My nephew had a soft play party and the place provided them. Sandwich, sausage roll crisps, cake, drink (cant remember what else :))

I much prefer them as AJ is a grazer and can keep all of his bits together and pick as and when he wants.


----------



## mummyof32011

Hey don't want to r n r so i thought to comment.....my son went to a party where they all had food boxes and it def went down a treat!! It was like a surprise to what was in their box. Bear in mind of any veggies or fussy eaters and u Shud be fine! Were avin same priblem for our son. Hes four in coupke of weeks and having a pirate themed party at home :/ mad 8 no but i just cant afford to hure room out for them as well as see to my two youngest....so being at home i got everythin on hand asvwel/ as somewhere for baby to sleep without interruption....I hope u manage to sort it out huni xxxx


----------



## MotherBeth

We also attended one where they did that. The kids seemed to love it!


----------



## Blah11

most soft play or organised parties we've been to do this. usually its a sandwich, a cake, usually some crisps, sausage roll, raisins and a frube! Quite a few have came round with icecream cones too. Then they get a party bag to go home with with sweets and birthday cake in it.


----------



## hunniechunks

I would never have thought of doing that myself but i think its a brilliant idea! In fact i'm gonna steal it for my next party :) 

x


----------



## amie-leigh

we went to a party on sunday and thats what the kids got in the boxes were :- a roll, a mini bag of haribo (jelly sweets), a small packet of crisps, a fruit shoot (well shops own brand but just as good) and a mini cupcake 
the kids loved them x


----------



## Miss_Bump

That's a really good idea!

I'd be well impressed if I was going to your party ;)


----------



## Cattia

My friend did this for her daugher's birthday, and the kids loved it! I think they feel special getting their own little box of things just for themselves. Just make sure there is nobody on a special diet like any kids who are veggie etc.


----------



## indy and lara

Lots of the party places sell boxes to match your party theme too.


----------



## JMC82

I think it's a really good idea. It's an easy way to make sure they've got a variety to eat. I've been at some kids parties where they have helped themselves buffet style and most of them only want the cakes if they are picking it themselves. x


----------



## eldar

Thats a fab idea! I shall be stealing/borrowing it! - the bit I hate about parties is spending forever making up loads of different foods and making too much of them all just incase. Boxes could be made all in one go in the morning and then they are done ready to hand out - so much easier!

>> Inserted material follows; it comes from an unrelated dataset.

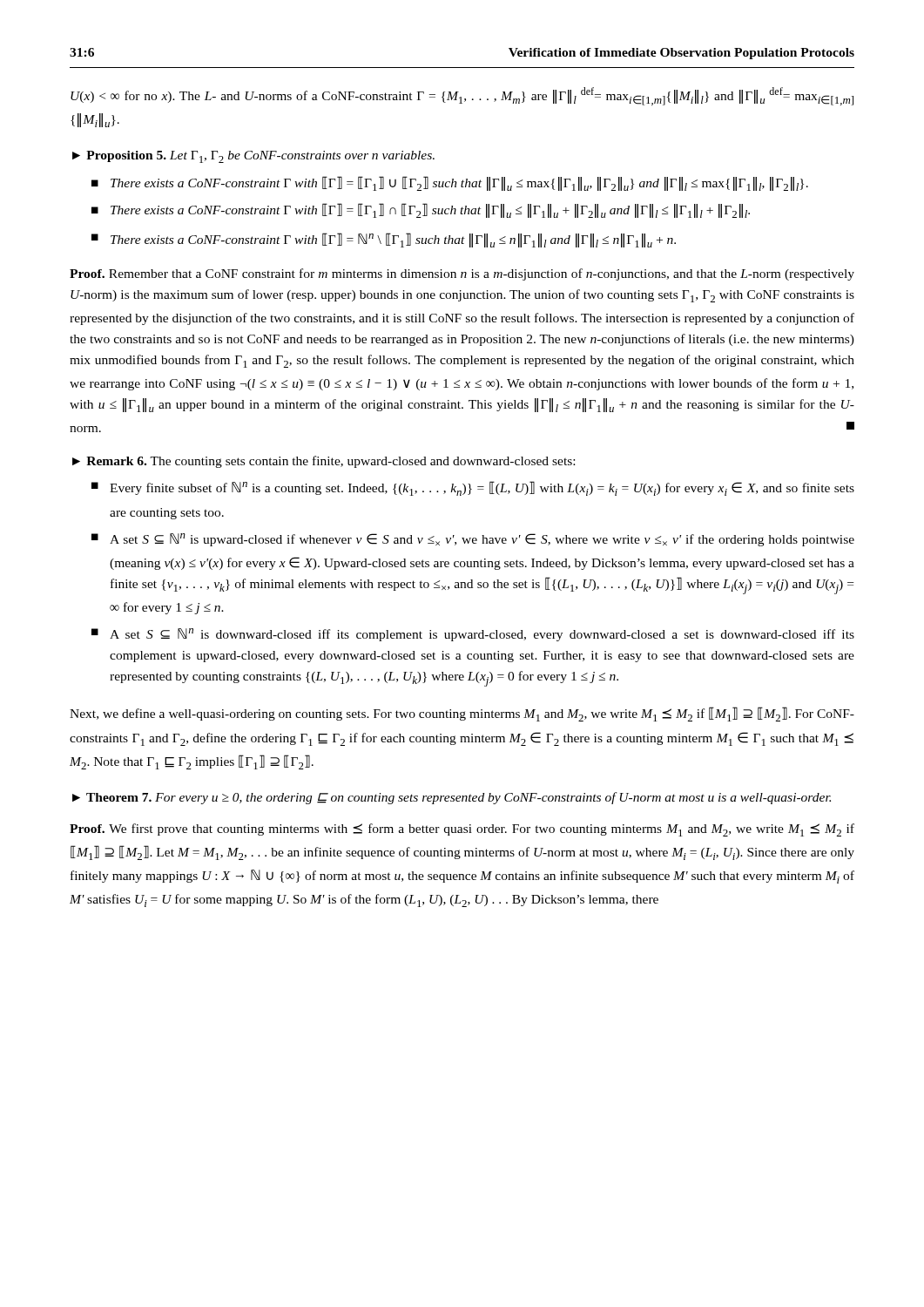
Task: Locate the element starting "► Proposition 5. Let Γ1, Γ2 be CoNF-constraints"
Action: (x=253, y=157)

I may actually get out of the kitchen at the next party!


----------



## angelmummy

hunniechunks said:


> I would never have thought of doing that myself but i think its a brilliant idea! In fact i'm gonna steal it for my next party :)
> 
> x



lol glad you liked the idea :thumbup:


----------



## angelmummy

Miss_Bump said:


> That's a really good idea!
> 
> I'd be well impressed if I was going to your party ;)



Why thank you lol :haha:

Hope the kids are just as impressed!!! :wacko:


----------



## angelmummy

eldar said:


> Thats a fab idea! I shall be stealing/borrowing it! - the bit I hate about parties is spending forever making up loads of different foods and making too much of them all just incase. Boxes could be made all in one go in the morning and then they are done ready to hand out - so much easier!
> 
> I may actually get out of the kitchen at the next party!



Thats what i thought!! I thought i could even prepare most of it the night before and put in the packets of crips, box of raisins etc and then just make the sandwich fresh in the morning Then like you said, just hand them out and it saves worrying about how much to make or not to make!!!! 
:thumbup:


----------



## angelmummy

Just another question. Would you do sliced bread sandwiches and just put couple of triangles in or a bread rolll (which are usually quite large!!)??

Thanks again x


----------



## Blah11

angelmummy said:


> Just another question. Would you do sliced bread sandwiches and just put couple of triangles in or a bread rolll (which are usually quite large!!)??
> 
> Thanks again x

1 slice of bread in triangles :)


----------